I'm finding gentle discipline - quiet time to calm down, then sitting on my lap away from everyone else and asking "what's going on with you" (nicely, as an introduction to discussing what's bothering him) helps far more than time out / shouting (never works, often makes things far worse), etc.

Ask him why "no" upsets him so much. Obviously no one likes to be told they can't do what they want, but this seems to be a trigger all by itself. Ask him what he feels would be fair - I can do this with my son who is 7 as well. Sometimes he has an idea. Mostly I have to suggest things and then he will say if he thinks it's fair or not.
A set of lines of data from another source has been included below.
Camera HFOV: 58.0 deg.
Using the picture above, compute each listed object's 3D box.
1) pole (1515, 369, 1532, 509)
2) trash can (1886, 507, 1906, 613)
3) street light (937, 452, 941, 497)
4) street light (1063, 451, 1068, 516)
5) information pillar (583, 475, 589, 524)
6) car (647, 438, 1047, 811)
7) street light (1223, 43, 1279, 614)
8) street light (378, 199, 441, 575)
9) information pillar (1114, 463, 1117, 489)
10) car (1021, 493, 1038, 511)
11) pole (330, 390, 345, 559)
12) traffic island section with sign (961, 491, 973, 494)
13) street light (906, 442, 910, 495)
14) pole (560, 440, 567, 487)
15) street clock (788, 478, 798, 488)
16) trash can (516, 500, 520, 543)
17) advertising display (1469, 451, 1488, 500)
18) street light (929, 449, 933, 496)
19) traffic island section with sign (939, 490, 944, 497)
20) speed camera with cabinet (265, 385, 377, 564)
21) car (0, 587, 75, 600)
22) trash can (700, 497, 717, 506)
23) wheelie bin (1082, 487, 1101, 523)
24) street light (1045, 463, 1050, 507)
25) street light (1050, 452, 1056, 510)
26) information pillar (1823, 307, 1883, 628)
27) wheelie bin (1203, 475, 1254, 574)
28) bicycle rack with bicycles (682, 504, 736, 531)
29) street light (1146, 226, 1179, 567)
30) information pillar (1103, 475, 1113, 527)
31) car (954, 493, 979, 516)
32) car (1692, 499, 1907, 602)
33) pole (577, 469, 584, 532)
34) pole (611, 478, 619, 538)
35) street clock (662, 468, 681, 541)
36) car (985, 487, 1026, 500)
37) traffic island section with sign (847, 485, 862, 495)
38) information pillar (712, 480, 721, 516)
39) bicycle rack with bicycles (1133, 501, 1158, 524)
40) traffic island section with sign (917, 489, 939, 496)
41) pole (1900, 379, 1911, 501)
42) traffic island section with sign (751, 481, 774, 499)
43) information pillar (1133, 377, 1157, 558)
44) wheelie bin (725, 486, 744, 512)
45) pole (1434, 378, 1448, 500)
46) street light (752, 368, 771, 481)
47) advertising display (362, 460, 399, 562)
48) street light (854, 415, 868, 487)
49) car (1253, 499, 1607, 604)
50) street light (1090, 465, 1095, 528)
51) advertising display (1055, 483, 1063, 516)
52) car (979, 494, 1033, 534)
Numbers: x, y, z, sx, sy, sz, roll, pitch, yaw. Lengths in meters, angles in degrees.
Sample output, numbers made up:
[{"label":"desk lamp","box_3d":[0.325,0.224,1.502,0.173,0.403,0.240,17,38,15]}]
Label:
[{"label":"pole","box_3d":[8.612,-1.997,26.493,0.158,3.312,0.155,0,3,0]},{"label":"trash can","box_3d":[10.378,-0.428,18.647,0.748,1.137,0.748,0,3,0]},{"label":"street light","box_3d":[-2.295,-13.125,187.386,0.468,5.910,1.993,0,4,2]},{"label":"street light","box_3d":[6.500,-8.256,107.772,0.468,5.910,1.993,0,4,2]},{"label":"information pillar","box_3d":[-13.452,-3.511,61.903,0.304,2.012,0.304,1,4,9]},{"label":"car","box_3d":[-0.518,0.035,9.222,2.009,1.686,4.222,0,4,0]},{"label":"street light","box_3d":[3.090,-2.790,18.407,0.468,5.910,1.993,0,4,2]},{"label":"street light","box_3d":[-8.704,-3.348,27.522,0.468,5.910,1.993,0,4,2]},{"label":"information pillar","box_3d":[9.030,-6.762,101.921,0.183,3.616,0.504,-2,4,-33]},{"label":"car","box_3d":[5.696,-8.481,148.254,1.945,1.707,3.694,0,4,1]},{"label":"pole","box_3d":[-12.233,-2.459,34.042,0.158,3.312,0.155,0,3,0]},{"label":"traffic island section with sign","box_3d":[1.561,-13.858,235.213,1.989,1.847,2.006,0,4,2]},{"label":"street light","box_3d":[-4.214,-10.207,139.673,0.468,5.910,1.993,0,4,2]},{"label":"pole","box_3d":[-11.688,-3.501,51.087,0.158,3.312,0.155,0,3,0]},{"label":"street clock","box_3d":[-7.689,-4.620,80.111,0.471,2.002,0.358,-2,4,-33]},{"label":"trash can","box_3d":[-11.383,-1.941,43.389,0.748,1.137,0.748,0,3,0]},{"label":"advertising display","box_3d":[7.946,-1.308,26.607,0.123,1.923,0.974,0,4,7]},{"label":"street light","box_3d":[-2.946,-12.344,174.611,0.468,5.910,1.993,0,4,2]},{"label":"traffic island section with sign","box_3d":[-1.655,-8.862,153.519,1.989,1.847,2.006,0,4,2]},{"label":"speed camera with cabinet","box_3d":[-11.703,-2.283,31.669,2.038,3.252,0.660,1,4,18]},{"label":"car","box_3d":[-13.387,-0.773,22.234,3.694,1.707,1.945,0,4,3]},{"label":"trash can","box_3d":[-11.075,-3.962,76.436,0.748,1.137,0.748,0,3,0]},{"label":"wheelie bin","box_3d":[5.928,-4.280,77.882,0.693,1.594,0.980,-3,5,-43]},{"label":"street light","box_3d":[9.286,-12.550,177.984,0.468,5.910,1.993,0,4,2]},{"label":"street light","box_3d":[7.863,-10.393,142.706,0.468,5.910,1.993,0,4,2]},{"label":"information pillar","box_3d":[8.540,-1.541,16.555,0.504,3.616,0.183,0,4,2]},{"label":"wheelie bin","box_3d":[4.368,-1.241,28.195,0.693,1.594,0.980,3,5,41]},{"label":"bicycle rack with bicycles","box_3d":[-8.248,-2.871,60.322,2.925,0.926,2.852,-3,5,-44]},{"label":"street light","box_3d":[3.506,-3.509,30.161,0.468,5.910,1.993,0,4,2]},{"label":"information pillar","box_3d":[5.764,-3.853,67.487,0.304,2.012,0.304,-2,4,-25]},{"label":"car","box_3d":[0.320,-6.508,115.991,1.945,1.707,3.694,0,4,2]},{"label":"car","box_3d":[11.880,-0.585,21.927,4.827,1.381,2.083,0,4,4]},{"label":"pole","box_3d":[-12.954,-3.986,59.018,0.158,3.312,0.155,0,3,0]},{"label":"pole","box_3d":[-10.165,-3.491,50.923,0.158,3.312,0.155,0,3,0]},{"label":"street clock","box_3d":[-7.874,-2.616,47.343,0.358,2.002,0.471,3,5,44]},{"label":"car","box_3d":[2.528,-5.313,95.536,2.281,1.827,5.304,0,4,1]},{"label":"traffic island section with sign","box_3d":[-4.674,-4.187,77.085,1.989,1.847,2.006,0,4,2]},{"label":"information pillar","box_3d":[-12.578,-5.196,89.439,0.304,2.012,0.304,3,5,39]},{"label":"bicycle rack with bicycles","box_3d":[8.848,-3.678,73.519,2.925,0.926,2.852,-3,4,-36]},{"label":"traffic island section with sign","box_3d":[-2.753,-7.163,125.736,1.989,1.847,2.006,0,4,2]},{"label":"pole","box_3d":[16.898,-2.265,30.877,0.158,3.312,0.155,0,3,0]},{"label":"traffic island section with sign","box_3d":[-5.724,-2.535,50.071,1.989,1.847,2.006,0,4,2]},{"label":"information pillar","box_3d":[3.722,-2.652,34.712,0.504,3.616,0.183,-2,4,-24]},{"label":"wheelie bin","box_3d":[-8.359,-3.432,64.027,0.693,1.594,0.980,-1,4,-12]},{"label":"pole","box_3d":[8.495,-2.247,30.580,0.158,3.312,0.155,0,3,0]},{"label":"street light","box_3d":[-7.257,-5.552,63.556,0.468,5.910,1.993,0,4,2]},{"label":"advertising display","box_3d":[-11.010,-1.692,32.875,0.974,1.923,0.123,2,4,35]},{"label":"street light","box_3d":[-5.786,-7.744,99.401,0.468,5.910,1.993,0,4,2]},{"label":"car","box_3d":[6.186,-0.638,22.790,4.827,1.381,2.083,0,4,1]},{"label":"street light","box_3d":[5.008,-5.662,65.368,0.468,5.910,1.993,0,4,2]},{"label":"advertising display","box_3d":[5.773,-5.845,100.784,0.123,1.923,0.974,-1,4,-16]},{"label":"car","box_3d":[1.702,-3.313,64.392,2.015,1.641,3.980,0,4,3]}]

Like we got him a magnifying glass... what's the first thing a little boy wants to do??? I had banned him outright from trying to make something burn using the magnifier, but after I busted him doing exactly that, I realised it wasn't a fair expectation to set. I know how curious I was when I was little and how much "fun" it was to experiment and see what happens. So I told him new rules: he has to ask first, and someone has to be with him (mom or dad). He agreed that that was fair and so far we've kept to the deal Wink

Obviously you can't do this in every instance but I think bending on a few things helps them react better when you can't bend on others. *shrug* maybe???
Our OT recommended a Time Timer. It shows the time left in red so the child can "see" how much time is left. We didn't want to spend the money on the timer, so we use the minute hand on the clock to let her know how much time she has left. She seems to respond well to it and notices the hand is getting closer to the number we specified.